### YOUR INSTRUCTIONS
Nothing should appear in the answer except the line containing "The object was" and the lines following it through the end of the listing, each given exactly.

### INFORMATION SHOWN
=== Begin Enclosure ===

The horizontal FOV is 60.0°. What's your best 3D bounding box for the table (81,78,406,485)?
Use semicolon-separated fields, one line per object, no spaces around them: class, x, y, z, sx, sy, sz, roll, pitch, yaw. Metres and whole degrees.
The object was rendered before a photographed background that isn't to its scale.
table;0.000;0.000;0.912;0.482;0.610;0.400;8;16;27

=== End Enclosure ===

### RESPONSE TO THE EXERCISE
The object was rendered before a photographed background that isn't to its scale.
table;0.000;0.000;0.912;0.482;0.610;0.400;8;16;27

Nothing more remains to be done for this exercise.